Amelia was dumbstruck by the implications. Among the few scholars who treated the Camlantean legends with any respect, Amelia knew the speculation had always been that after the city had been sacked, and the librarian-sorcerers murdered, there had been no one left alive to drain the flows of the world’s energy and it was struck by a floatquake. The worldsingers’ first duty was to tame the leylines that could rip miles of land from the ground and send it spinning up into the cold night. The order of worldsingers mastered the power of the Earth and used it to fuel their sorcery and rituals. When civilizations fell, when order broke down, the incidence of floatquakes, volcanic eruptions and earthquakes striking the land also proliferated; that was an undeniable fact.
‘Then the Camlanteans destroyed their own city.’ Amelia could hardly believe her own conclusions.
‘The barbarians weren’t fools,’ said Quest. ‘The horde did not want to burn Camlantis to the ground out of pique or envy. They wanted control of the city of marvels for their own ends.

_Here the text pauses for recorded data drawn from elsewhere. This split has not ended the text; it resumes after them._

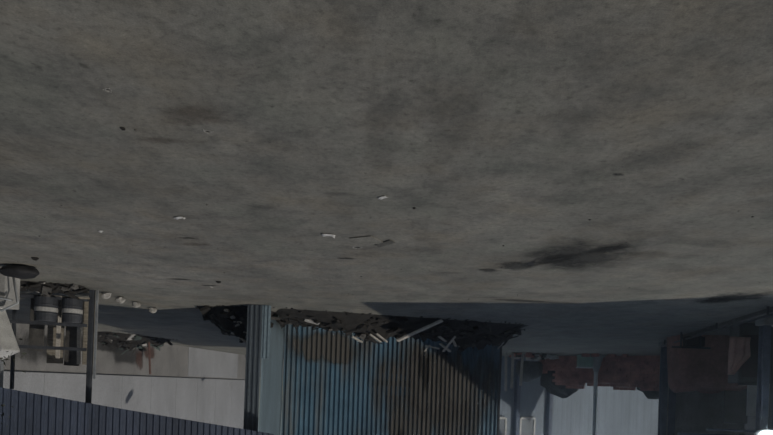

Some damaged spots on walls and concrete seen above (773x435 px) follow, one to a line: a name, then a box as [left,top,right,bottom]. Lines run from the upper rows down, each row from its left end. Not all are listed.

damp [532,243,624,268]
damp [699,293,762,303]
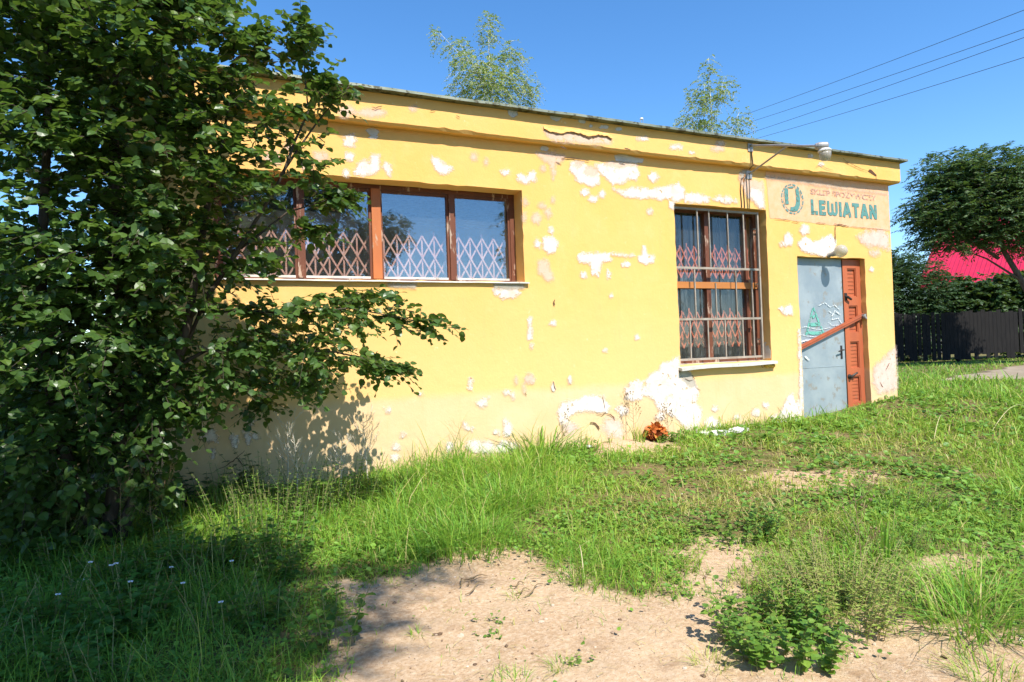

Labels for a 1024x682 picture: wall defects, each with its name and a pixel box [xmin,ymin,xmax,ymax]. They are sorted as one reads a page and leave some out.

peeling [339,106,393,177]
peeling [431,156,454,175]
peeling [500,116,765,215]
peeling [523,198,558,281]
peeling [577,245,655,279]
peeling [780,223,837,257]
peeling [859,229,890,272]
peeling [492,287,521,299]
peeling [557,356,721,438]
peeling [733,328,804,423]
peeling [873,348,898,394]
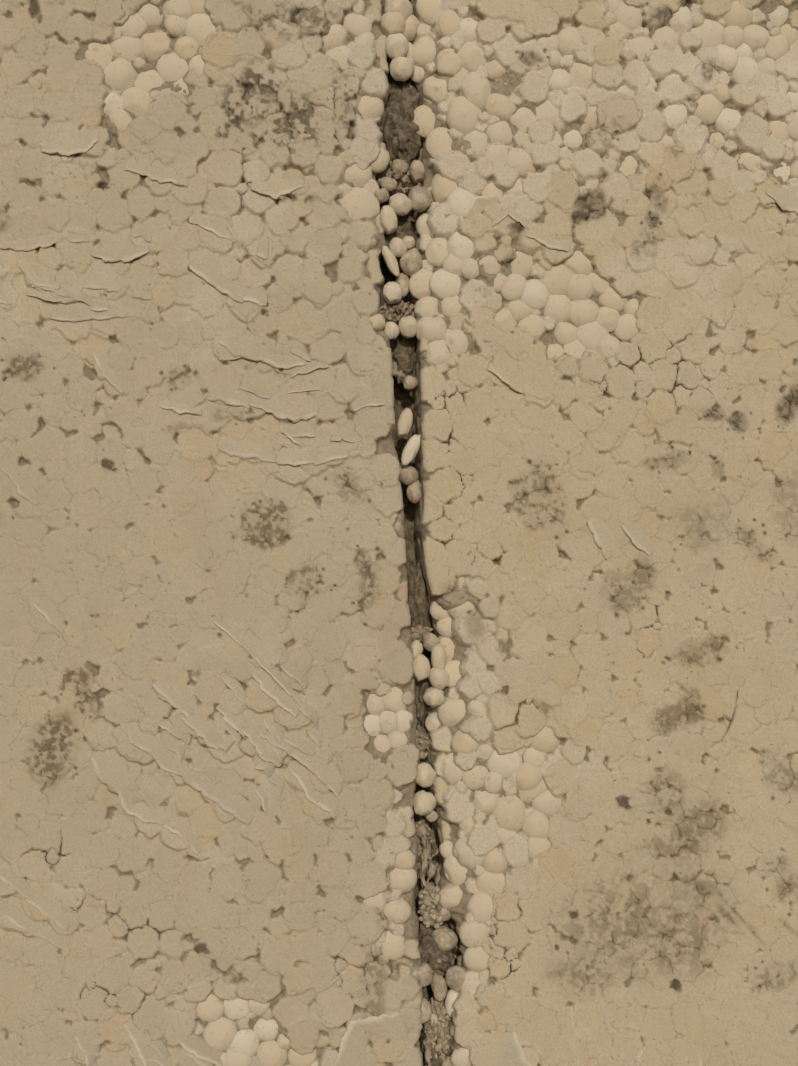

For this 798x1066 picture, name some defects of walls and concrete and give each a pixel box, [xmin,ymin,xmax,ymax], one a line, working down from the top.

spalling [607,0,798,157]
peeling [41,130,99,156]
peeling [124,155,188,187]
peeling [251,173,304,199]
spalling [735,153,760,170]
spalling [766,91,798,213]
peeling [50,302,128,322]
peeling [157,331,329,447]
crack [593,336,709,403]
peeling [210,617,343,819]
spalling [169,995,318,1066]
peeling [335,1012,409,1066]
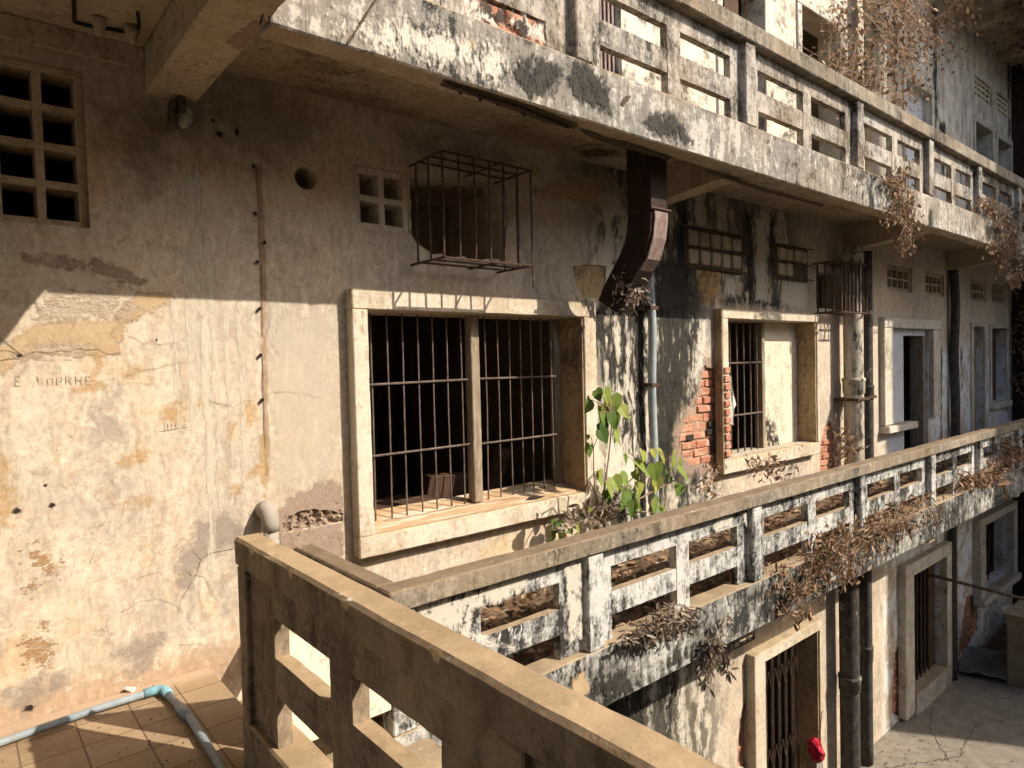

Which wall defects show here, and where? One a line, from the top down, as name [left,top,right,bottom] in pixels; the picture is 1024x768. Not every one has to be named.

They would have strapped the librarians to their wagons as slaves. With Camlantean power at their disposal, the Wheel Lords would have swept effortlessly across every kingdom of their age. I can imagine no worse fate for a society of pacifists, can you? Turned into grovelling court wizards for a pack of murderous warlords. Watching while the horde tied the children of their conquered subjects behind their wagons, dragging them to bloody ribbons over gravel in their honour races. Abetting in the sack of cities other than their own.’
Amelia looked at the noble frozen image of the Reader-Administrator. ‘Poor man. Poor Pairdan.’

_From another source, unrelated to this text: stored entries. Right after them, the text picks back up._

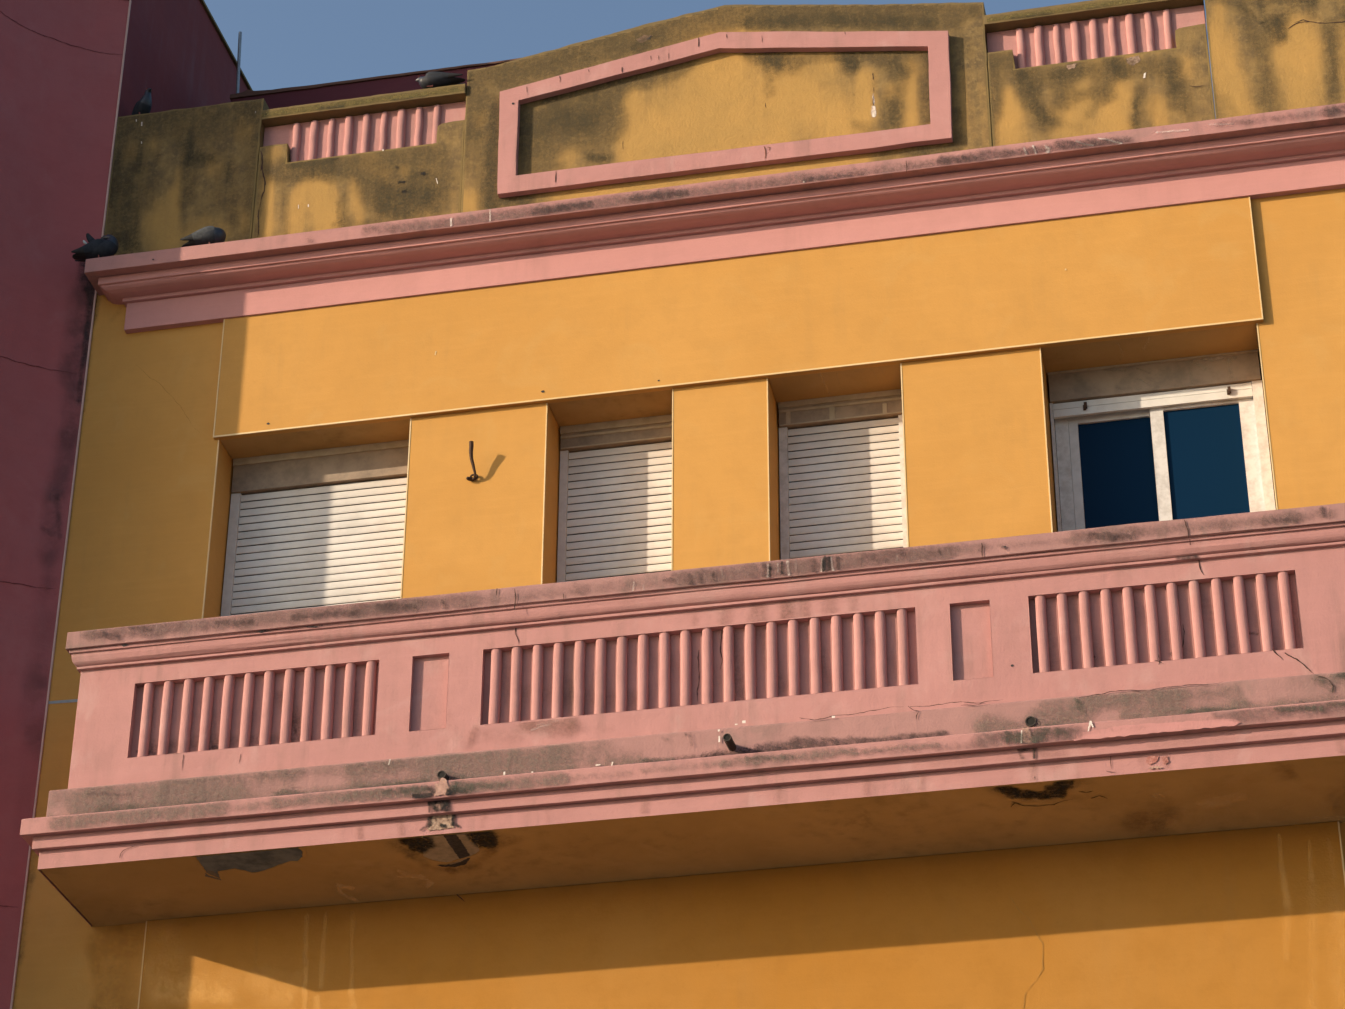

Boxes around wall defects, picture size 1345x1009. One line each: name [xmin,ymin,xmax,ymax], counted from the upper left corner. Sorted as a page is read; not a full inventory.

crack [1288,19,1345,29]
leakage [110,0,1150,239]
leakage [82,262,95,366]
leakage [812,556,840,572]
crack [1272,649,1334,693]
leakage [976,688,1295,759]
leakage [591,731,947,766]
leakage [65,775,249,814]
leakage [277,744,575,853]
leakage [995,777,1074,800]
spalling [193,847,307,880]

‘Think of it, professor.’ Quest walked towards a porthole-like window cut into his pneumatic tower’s rubber walls. ‘Somewhere in the heavens Camlantis is still spinning around the world. Not a sacked ruin of marble and stone, but intact, its empty streets a home for nesting eagles and the dust of Pairdan’s hopes. That is your dream too, is it not?’

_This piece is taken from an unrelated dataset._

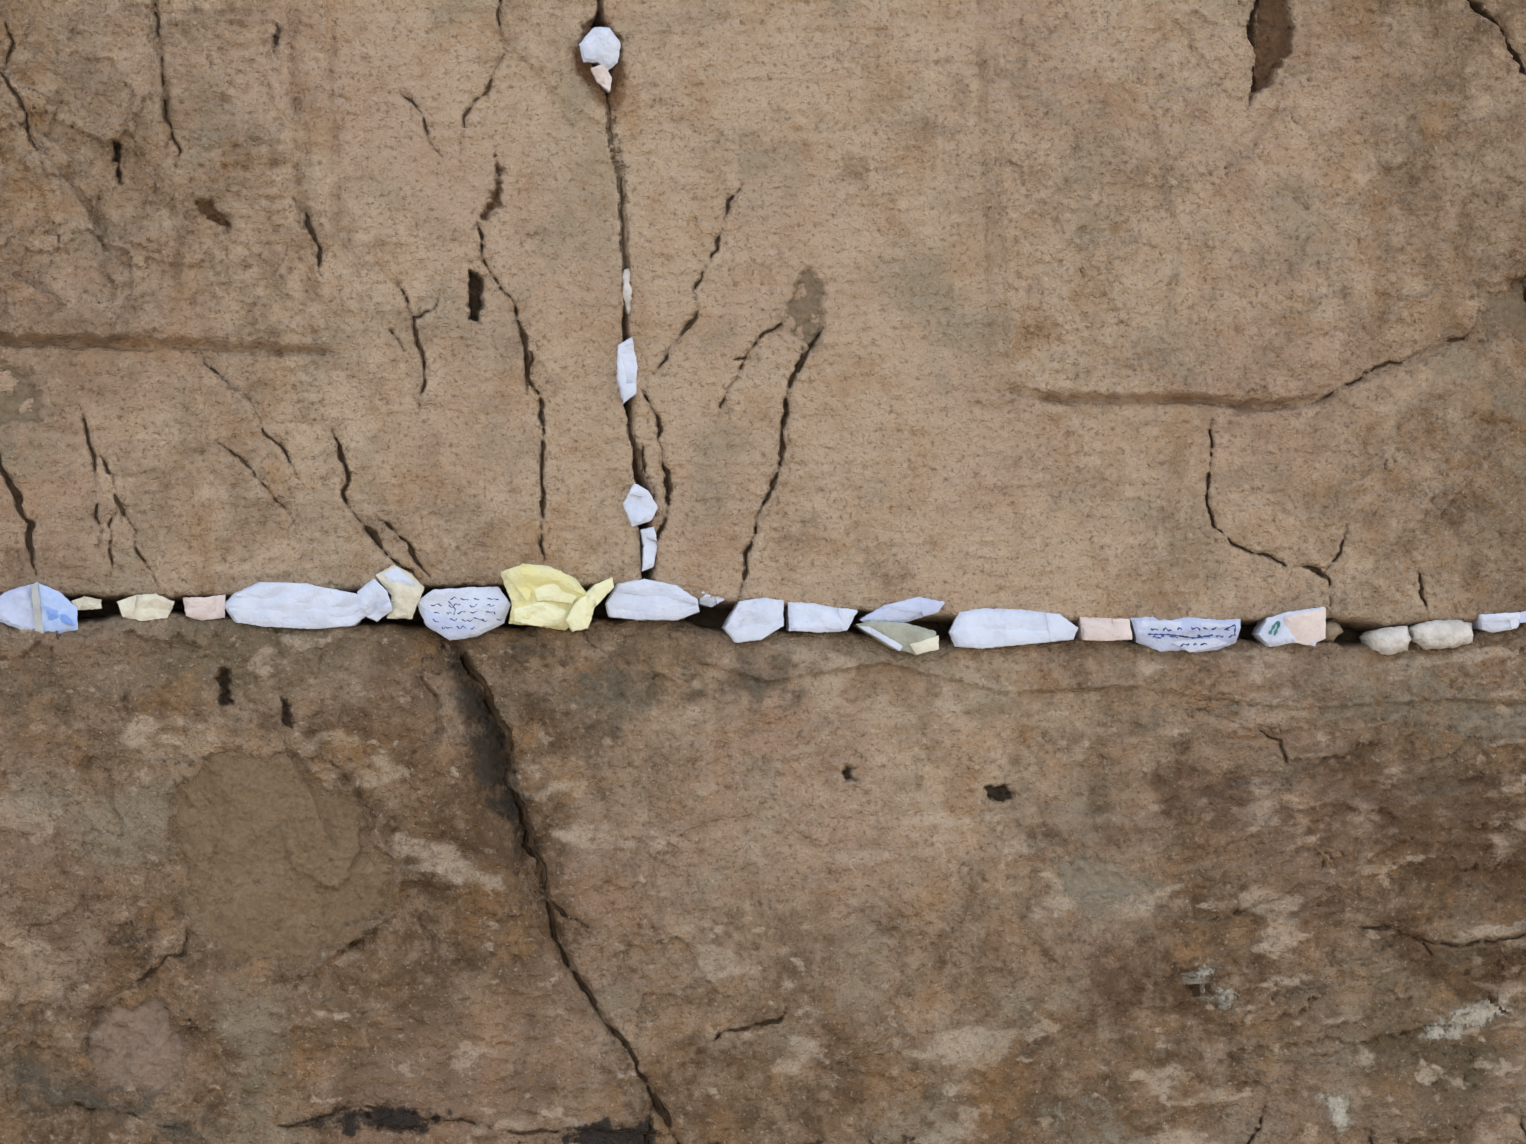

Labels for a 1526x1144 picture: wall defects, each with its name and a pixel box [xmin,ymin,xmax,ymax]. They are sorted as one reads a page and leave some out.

Damn his eyes. Quest knew it was. ‘You said you know where the city was located, before the floatquake?’
‘And the reason why its ruined foundations have never been discovered.’ Quest led her back to a table in his office where one of his Catosian soldiers had unfurled a map. His finger hovered over a large swathe of territory, most of it coloured black for the unknown and the unexplored. ‘Liongeli.’
Amelia looked askance at the featureless, uncharted expanse. A jungle hell without end. An environment so forbidding that only distant cousins of the race of man such as the shell-armoured craynarbians could make their home there. ‘Your geographers must have made a mistake, Quest. All the ancient texts suggest that the location of Camlantis should lie far further north. My best guess is somewhere north of the Catosian League, or perhaps buried beneath the pampas of Kikkosico. It may even be underneath the wastes controlled by the polar barbarians.’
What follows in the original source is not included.